MarketsMOJO’s ratings are designed to provide investors with a clear, data-driven assessment of stocks based on multiple dimensions. The Sell rating indicates that the stock is expected to underperform relative to the market or sector averages, signalling a higher risk profile. This rating helps investors manage risk by identifying stocks that may not currently offer favourable risk-reward characteristics.

By analysing quality, valuation, financial trends, and technicals, MarketsMOJO aims to deliver a holistic view that supports informed investment decisions.

Stock Performance Snapshot as of 10 June 2026

REC Ltd’s recent returns illustrate the stock’s volatility and relative weakness:

  • 1 Day: -0.40%
  • 1 Week: +7.68%
  • 1 Month: -2.41%
  • 3 Months: +4.81%
  • 6 Months: +2.39%
  • Year-to-Date: -1.72%
  • 1 Year: -17.09%

These figures highlight the stock’s underperformance compared to the broader market, reinforcing the rationale behind the Sell rating.

Financial Highlights

The latest quarterly results ending March 2026 show:

  • Profit After Tax (PAT): ₹3,375.08 crores, down 21.8% versus the previous four-quarter average
  • Net Sales: ₹14,563.82 crores, the lowest quarterly figure recorded recently
  • Cash and Cash Equivalents: ₹1,611.09 crores, the lowest in the half-year period

These metrics underscore the financial challenges currently faced by REC Ltd.

Sector and Market Context

Operating within the finance sector as a midcap company, REC Ltd faces competitive pressures and macroeconomic headwinds that have impacted its recent performance.
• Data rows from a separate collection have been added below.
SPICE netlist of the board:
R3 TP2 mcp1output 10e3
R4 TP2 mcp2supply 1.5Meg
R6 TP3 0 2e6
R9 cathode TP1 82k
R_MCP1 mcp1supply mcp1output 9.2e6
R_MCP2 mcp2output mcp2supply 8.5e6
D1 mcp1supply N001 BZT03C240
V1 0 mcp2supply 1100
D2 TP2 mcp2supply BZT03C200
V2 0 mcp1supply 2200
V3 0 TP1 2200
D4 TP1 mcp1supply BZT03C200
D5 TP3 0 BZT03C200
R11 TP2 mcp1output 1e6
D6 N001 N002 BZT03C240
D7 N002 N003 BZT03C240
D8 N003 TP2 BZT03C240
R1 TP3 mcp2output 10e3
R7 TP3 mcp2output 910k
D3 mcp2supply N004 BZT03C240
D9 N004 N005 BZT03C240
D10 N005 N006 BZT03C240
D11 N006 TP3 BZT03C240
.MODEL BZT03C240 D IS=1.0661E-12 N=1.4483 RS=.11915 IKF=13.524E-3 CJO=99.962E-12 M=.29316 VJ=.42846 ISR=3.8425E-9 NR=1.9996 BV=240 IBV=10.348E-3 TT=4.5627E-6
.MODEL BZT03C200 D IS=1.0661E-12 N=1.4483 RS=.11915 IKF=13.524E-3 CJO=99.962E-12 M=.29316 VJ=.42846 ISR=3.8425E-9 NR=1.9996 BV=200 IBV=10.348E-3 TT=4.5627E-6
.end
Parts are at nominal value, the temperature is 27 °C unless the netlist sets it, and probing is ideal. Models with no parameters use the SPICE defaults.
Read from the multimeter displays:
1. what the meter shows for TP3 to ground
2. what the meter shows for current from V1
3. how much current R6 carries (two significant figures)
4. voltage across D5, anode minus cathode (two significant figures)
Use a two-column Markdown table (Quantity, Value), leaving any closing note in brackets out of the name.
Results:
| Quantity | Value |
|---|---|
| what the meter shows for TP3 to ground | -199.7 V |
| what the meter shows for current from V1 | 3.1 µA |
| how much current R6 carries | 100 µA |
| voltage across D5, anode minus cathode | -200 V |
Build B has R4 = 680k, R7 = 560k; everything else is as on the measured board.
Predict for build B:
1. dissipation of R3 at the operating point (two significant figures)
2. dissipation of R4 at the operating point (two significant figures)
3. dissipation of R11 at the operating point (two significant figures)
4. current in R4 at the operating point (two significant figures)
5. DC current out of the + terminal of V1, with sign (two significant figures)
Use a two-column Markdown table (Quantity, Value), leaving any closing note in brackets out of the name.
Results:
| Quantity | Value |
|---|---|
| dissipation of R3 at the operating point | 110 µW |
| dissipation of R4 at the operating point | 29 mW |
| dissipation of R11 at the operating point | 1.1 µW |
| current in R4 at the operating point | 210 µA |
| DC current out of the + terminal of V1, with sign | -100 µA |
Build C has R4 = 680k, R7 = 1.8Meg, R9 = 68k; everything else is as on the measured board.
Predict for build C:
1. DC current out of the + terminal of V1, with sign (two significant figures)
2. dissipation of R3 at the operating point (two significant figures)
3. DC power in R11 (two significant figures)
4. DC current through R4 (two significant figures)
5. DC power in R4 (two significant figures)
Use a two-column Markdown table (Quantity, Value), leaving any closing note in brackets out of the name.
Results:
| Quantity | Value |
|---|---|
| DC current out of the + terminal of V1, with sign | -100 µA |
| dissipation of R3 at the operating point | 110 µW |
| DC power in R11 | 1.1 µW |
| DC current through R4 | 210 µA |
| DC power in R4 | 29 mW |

The broader market, represented by the BSE500 index, has also experienced negative returns of -4.45% over the past year, but REC Ltd’s steeper decline of -16.89% indicates company-specific issues that warrant investor caution.

Investors should weigh these sectoral and market factors alongside company-specific data when considering their investment strategy.

Conclusion

REC Ltd’s current Sell rating by MarketsMOJO reflects a prudent assessment based on up-to-date financial and market data as of 10 June 2026. While the company retains some positive attributes in quality and valuation, the negative financial trend and technical signals suggest that investors should remain cautious. Monitoring future developments will be essential to identify any potential turnaround opportunities.